Following the Fish: Wick exhibition will tell stories of the herring girls
An exhibition will open in Wick next month as part of a heritage project about fisher lassies such as those who helped the town earn its reputation as the herring capital of Europe.
Following the Fish is a joint project run by High Life Highland’s archive service in partnership with Suffolk Archives, the Norfolk Record Office and the Hebridean Archives, Tasglann nan Eilean.
The archive teams have been busy curating both in-person and online exhibitions in advance of two launch events, one of which is in Caithness. It takes place on Thursday, May 8, at Nucleus in Wick, starting at 6.30pm.
Funding for the project was awarded by the Lloyd’s Register Foundation, allowing the partners to research and tell the story of the herring girls who travelled around the coast.
These hardy women played an important role in the life of fishing towns in Scotland and England. In some cases they married and settled far from home.

The herring girls would travel from port to port from June to September, following fleets of boats to gut and pack fish into barrels for export.

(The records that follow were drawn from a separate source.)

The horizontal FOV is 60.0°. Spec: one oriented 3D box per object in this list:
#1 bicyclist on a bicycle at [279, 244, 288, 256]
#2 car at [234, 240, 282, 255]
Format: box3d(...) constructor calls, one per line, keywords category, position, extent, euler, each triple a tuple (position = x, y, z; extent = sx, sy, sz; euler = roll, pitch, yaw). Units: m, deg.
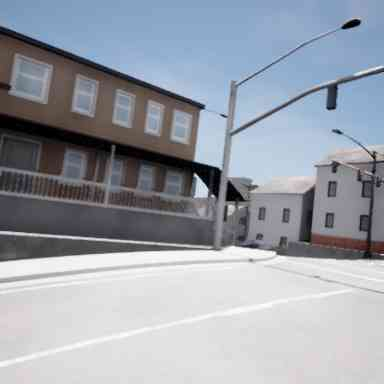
box3d(category="bicyclist on a bicycle", position=(10.517, 6.810, 38.412), extent=(1.656, 1.620, 0.582), euler=(10, -13, -34))
box3d(category="car", position=(5.268, 4.626, 27.138), extent=(1.994, 1.385, 4.181), euler=(10, -14, -35))
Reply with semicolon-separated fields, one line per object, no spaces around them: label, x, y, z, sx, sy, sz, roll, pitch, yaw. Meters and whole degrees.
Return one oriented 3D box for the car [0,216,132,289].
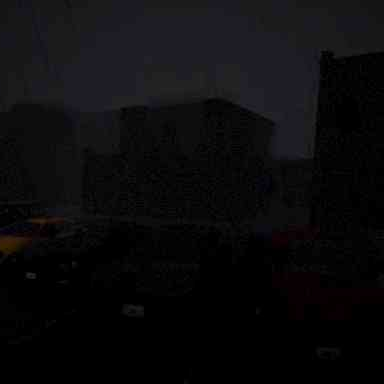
car;-2.677;1.512;9.347;2.097;1.535;5.008;0;-1;15

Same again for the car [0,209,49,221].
car;-5.128;1.523;10.856;1.946;1.575;5.366;0;-1;15

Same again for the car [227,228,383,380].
car;2.114;1.479;5.950;2.097;1.535;5.008;0;-1;15

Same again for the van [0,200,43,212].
van;-7.448;1.321;12.846;1.878;1.987;4.442;0;-1;15

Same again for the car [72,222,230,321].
car;-0.295;1.525;7.615;2.163;1.488;4.792;0;-1;15

The exhibitions will showcase records from all the archive centres as well as stories, photographs and memories captured through interviews with local people and family members of herring lassies. They include photographs and family stories about Agnes Murray and Jessie Macdonald.
Agnes Murray was born in 1911 and grew up in Ness, Lewis. She left school at 14 and began working as a herring gutter, following the fish around the coast throughout the season.
She married Harry Grant from Wick in 1936 and raised her family in Caithness.
Jessie McDonald was born in 1907. She and her family lived in Kinnaird Street, Wick.
Jessie worked as a packer for Stewart’s fishcurers in their yard at Nicolson Street in Wick and in Great Yarmouth too.
Wick became known as Europe’s herring capital due to the volume of fish landed there. It has been claimed that in 1867, in two days, some 3500 fisher lassies gutted a total of 50 million herring at Pulteneytown harbour.
Wick later had an annual herring queen pageant, with herring queens reigning from 1937 to 1953.